Ahora que se ha acabado este paréntesis electoral, estoy contento.
Estoy contento porque he votado en conciencia. Me he informado de los programas de los partidos, tanto los grandes como los pequeños. Los he valorado desde los criterios cristianos. Y he votado en consecuencia. Nadie me pedía que arreglara el mundo. Sólo se me pedía que yo intentara cumplir la voluntad de Dios en mi pequeño espacio.
Me parece que esta etapa que empieza ahora puede ser estupenda en muchos sentidos. Dios es quien guía la historia, así que se impone pensar qué cosas quiere el Señor indicarnos a los cristianos con este nuevo tiempo de gobierno de ZP.

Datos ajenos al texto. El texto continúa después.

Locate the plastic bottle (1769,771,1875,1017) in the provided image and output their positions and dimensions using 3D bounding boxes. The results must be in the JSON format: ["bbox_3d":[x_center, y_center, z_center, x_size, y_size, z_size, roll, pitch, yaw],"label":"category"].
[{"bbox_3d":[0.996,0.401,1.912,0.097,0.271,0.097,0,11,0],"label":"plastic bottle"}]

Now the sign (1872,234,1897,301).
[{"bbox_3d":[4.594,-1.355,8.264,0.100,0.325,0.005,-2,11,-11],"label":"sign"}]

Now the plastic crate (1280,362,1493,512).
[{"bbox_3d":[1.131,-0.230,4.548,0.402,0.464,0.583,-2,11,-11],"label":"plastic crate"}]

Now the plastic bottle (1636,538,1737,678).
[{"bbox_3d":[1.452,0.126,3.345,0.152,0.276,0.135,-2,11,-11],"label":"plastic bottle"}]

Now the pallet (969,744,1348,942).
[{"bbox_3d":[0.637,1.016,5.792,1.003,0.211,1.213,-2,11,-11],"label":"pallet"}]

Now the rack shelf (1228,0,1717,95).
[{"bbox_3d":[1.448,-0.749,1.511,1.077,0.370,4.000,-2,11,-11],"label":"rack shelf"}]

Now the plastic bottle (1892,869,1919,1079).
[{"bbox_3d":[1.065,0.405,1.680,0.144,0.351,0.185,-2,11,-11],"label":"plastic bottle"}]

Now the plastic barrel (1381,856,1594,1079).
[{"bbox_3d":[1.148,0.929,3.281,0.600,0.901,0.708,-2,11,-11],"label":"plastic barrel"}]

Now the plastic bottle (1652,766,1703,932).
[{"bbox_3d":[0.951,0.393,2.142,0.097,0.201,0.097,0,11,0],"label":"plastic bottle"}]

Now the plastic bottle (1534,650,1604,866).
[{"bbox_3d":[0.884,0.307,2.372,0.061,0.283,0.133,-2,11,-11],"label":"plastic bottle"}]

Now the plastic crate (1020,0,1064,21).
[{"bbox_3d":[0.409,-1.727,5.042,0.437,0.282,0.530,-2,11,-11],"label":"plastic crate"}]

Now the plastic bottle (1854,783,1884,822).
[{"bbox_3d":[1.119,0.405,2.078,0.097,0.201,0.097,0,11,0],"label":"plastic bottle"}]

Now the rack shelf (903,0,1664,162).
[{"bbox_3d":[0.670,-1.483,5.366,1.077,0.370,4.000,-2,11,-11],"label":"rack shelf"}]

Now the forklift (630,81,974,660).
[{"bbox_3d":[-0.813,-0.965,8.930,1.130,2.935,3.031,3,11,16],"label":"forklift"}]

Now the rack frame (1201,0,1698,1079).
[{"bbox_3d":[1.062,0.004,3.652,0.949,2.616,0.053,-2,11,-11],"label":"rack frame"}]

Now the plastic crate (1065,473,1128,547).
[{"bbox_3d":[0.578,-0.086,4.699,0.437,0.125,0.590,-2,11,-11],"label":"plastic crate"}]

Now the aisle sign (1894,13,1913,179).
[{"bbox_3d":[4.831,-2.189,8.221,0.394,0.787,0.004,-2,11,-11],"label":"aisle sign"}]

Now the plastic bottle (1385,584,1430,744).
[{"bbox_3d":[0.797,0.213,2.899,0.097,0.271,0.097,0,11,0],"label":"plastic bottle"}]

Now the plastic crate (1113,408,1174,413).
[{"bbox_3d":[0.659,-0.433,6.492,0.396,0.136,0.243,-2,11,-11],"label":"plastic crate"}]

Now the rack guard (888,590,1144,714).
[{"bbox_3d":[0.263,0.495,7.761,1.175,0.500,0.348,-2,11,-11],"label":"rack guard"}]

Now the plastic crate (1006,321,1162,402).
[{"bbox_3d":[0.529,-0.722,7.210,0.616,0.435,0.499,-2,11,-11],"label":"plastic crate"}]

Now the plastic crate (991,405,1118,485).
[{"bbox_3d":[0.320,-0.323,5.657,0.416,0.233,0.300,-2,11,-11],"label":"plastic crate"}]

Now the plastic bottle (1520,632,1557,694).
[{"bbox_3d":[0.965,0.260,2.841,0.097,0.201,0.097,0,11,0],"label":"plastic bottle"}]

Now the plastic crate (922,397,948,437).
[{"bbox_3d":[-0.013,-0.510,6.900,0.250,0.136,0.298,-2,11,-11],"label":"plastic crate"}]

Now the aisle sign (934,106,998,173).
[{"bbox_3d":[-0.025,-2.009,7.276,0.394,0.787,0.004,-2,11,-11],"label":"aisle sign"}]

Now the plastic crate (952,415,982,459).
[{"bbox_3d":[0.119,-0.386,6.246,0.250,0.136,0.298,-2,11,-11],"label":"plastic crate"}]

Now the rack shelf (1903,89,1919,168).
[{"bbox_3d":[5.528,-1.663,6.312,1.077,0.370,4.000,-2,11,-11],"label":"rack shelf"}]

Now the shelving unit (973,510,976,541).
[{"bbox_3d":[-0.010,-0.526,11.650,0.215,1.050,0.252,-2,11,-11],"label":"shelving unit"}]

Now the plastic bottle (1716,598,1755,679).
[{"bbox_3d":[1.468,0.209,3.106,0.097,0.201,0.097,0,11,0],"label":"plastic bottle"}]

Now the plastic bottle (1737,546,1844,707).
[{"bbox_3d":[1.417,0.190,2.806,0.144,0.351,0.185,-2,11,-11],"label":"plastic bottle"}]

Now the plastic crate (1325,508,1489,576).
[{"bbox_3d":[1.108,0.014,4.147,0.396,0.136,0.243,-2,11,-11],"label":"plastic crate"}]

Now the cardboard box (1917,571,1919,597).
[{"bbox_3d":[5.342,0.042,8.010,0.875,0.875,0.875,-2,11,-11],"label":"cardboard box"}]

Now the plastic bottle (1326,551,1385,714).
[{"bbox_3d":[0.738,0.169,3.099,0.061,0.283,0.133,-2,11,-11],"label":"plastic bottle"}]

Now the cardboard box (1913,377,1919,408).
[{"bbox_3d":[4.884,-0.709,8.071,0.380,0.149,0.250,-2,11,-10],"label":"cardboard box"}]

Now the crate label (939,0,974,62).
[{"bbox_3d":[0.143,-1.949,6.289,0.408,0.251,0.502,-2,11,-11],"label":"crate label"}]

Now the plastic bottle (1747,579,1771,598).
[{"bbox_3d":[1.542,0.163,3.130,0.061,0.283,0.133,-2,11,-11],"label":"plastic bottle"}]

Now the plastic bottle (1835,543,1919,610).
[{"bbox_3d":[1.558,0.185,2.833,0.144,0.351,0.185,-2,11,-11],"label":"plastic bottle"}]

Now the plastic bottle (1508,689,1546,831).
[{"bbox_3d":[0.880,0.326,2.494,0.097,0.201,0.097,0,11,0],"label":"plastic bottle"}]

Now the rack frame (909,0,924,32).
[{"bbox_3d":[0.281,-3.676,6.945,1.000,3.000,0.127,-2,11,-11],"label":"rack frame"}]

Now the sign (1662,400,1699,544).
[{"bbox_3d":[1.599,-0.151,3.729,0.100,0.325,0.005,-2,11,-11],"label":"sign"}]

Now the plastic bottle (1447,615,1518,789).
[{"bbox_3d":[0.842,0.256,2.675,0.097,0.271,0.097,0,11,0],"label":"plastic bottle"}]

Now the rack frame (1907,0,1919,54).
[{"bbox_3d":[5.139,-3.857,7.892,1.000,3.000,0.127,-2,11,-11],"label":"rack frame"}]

No tengo una bola de cristal, ni tampoco soy el oráculo de Yahveh. Pero, si se consideran sin partidismos estos últimos cuatro años, creo que puede decirse que han sido muy positivos para la Iglesia en España. Se podrían señalar muchas cosas estupendas acerca de lo que nos ha pasado, pero me parece que la más importante ha sido el despertar de los fieles laicos y de los obispos. El asociacionismo católico, la preparación y fortalecimiento de los lobbies católicos y el creciente valor que adquieren los seglares en la difusión militante de los valores cristianos me parecen algunos de los logros más importantes.
Hace unos días un dirigente político se quejaba de la creciente influencia de la Iglesia Católica en la sociedad. Era uno de esos que piensan que la Iglesia sólo puede hablar en los templos. Evidentemente era un antidemócrata que no sabía cómo funcionan las sociedades democráticas. Los cristianos estamos aprendiendo que somos ciudadanos de pleno derecho, y que podemos manifestar nuestras ideas y presionar democráticamente para que las leyes las respeten. Hay que abandonar los complejos y las ilusiones: nadie va a defender nuestros proyectos por nosotros: ni el PSOE ni el PP. Los cristianos deben abandonar la comodidad burguesa que les ha marcado hasta ahora. Con frecuencia se han refugiado tras los obispos. Todo ese tiempo ha acabado. Se necesitan cristianos sin complejos, libres de ataduras partidistas, cristianos con la cara dura para jugar el juego democrático: cristianos que firmen, que difundan, que estudien, que expresen, que se relacionen…
Estos años de ataques laicistas están consiguiendo que la Bella Durmiente reaccione. Algunos se están dando cuenta ya.
Se acabó el sueño de los cabestros: hay que ponerse en pie y seguir trabajando para que en las próximas elecciones, los cristianos podamos tener algún partido más cercano a nuestras posturas en torno al respeto a la vida, desde el inicio hasta el fin natural, a la libertad, a la familia, a la educación de los hijos… Son todos ellos valores innegociables. Ni el PSOE ni el PP los han respetado hasta ahora. Comienza una etapa y es necesario manifestar a los grandes partidos que nosotros no podemos modificar nuestros principios para atraer ningún voto. Somos contrarios al aborto, nos secunde la gente o no. Defendemos el valor de la vida de un anciano tanto si nos aplauden como si nos denigran. Se acabó el escudarse en la teoría del mal menor. Ahora es tiempo de evitar que la única alternativa al mal sea el mal menor.
La Iglesia española está aprendiendo a defender y propagar el Evangelio en una democracia que algunos quieren paganizar.
Como en la antigua Roma, no faltarán los desprecios, los insultos, las manipulaciones, las traiciones, los martirios.
Como en la antigua Roma, estad seguros de que no faltará el entusiasmo.
Es una etapa emocionante.
Es un buen motivo para estar contento.